Thermo Fisher Expands Biopharma Manufacturing Capabilities
• Portfolio diversity for process of viral clearance
• Advanced process development and analytical technologies
• Strong client base in pharmaceutical sectors
• Ongoing innovation in biologics manufacturing solutions
5. Lonza Group
The Lonza Group has earned a solid reputation as a worldwide contract development and manufacturing company for the pharmaceutical and biotechnology markets. The company’s manufacturing services are supported by viral inactivation and clearing technologies that enable clients to speed product development while maintaining high quality requirements.
With broad expertise in biologics manufacturing and process optimization, Lonza helps clients meet growing regulatory expectations and market demands.
Lonza Provides Integrated Viral Safety Solutions
• End-to-end biologics manufacturing support
• Enhanced viral inactivation and clearance capabilities
• Significant expertise in contract development and manufacturing
• High focus on quality assurance and regulatory compliance
Market Growth Driven by Rising Demand for Biologics
The global usage of biologic medicines is driving the expansion of the viral inactivation market. Pharmaceutical firms are spending substantially on monoclonal antibodies, recombinant proteins, vaccines and plasma derived medicines to treat a wide variety of disorders. As these medicines get more complex, producers will need to develop strong viral safety precautions throughout the manufacturing process.
The industry’s dedication to product safety without sacrificing therapeutic efficacy is shown by the extensive use of solvent/detergent treatment, low pH inactivation and nanofiltration technology.
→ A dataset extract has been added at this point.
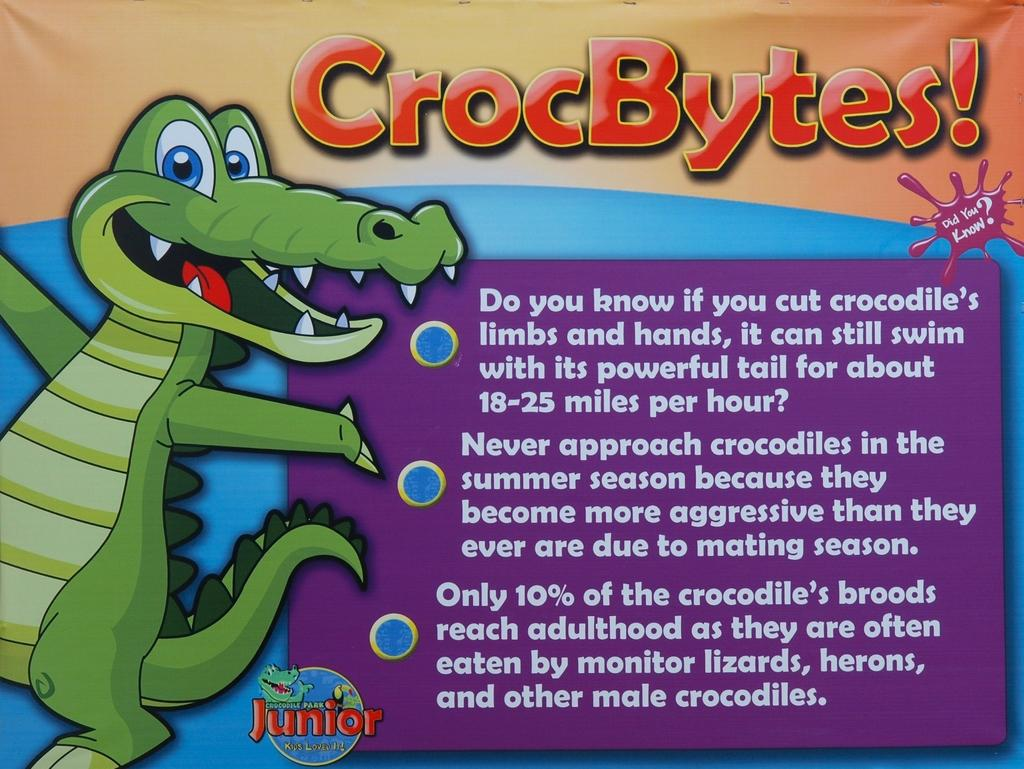What type of visual is the image? The image is a poster. What is depicted on the left side of the poster? There is a drawing of a crocodile on the left side of the poster. What information is present on the poster besides the drawing? There is a name, text, and a logo on the poster. How many baseballs can be seen in the image? There are no baseballs present in the image. What type of error is depicted in the image? There is no error depicted in the image; it features a drawing of a crocodile, a name, text, and a logo. 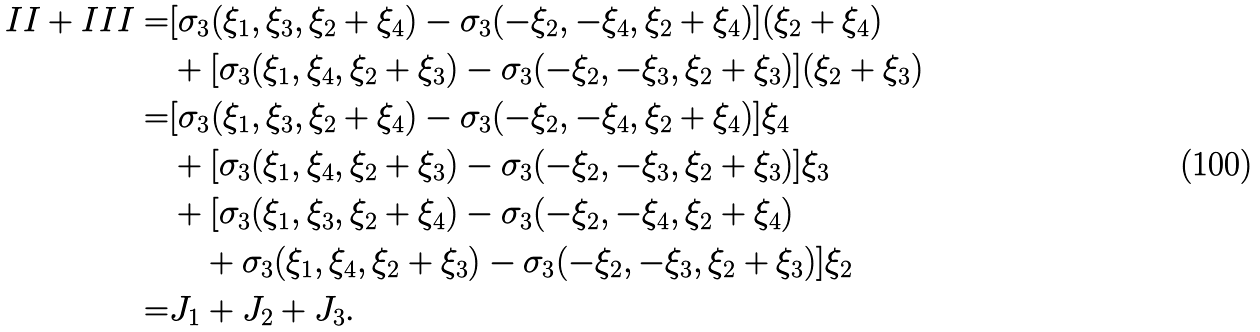Convert formula to latex. <formula><loc_0><loc_0><loc_500><loc_500>I I + I I I = & [ \sigma _ { 3 } ( \xi _ { 1 } , \xi _ { 3 } , \xi _ { 2 } + \xi _ { 4 } ) - \sigma _ { 3 } ( - \xi _ { 2 } , - \xi _ { 4 } , \xi _ { 2 } + \xi _ { 4 } ) ] ( \xi _ { 2 } + \xi _ { 4 } ) \\ & + [ \sigma _ { 3 } ( \xi _ { 1 } , \xi _ { 4 } , \xi _ { 2 } + \xi _ { 3 } ) - \sigma _ { 3 } ( - \xi _ { 2 } , - \xi _ { 3 } , \xi _ { 2 } + \xi _ { 3 } ) ] ( \xi _ { 2 } + \xi _ { 3 } ) \\ = & [ \sigma _ { 3 } ( \xi _ { 1 } , \xi _ { 3 } , \xi _ { 2 } + \xi _ { 4 } ) - \sigma _ { 3 } ( - \xi _ { 2 } , - \xi _ { 4 } , \xi _ { 2 } + \xi _ { 4 } ) ] \xi _ { 4 } \\ & + [ \sigma _ { 3 } ( \xi _ { 1 } , \xi _ { 4 } , \xi _ { 2 } + \xi _ { 3 } ) - \sigma _ { 3 } ( - \xi _ { 2 } , - \xi _ { 3 } , \xi _ { 2 } + \xi _ { 3 } ) ] \xi _ { 3 } \\ & + [ \sigma _ { 3 } ( \xi _ { 1 } , \xi _ { 3 } , \xi _ { 2 } + \xi _ { 4 } ) - \sigma _ { 3 } ( - \xi _ { 2 } , - \xi _ { 4 } , \xi _ { 2 } + \xi _ { 4 } ) \\ & \quad + \sigma _ { 3 } ( \xi _ { 1 } , \xi _ { 4 } , \xi _ { 2 } + \xi _ { 3 } ) - \sigma _ { 3 } ( - \xi _ { 2 } , - \xi _ { 3 } , \xi _ { 2 } + \xi _ { 3 } ) ] \xi _ { 2 } \\ = & J _ { 1 } + J _ { 2 } + J _ { 3 } .</formula>

These techniques have become integral parts of contemporary biopharmaceutical manufacturing and are predicted to continue to be vital in the face of increasing production numbers.
Innovation and Compliance will define the future
As the biopharmaceutical industry continues to change, viral safety will remain a high focus for producers, regulators and health care providers. Merck KGaA, Sartorius AG, Charles River Laboratories , Thermo Fisher Scientific Inc. and Lonza Group are helping to move forward the technology and services required to address the rising worldwide demand for safe biologic treatments.
The market for viral inactivation is expected to expand significantly over the next decade, driven by increased investment in the development of biologics and stringent regulatory control. “The continued collaboration between technology providers, manufacturers and research organizations will be key to strengthening pharmaceutical safety and enabling the development of the next generation of innovative therapies.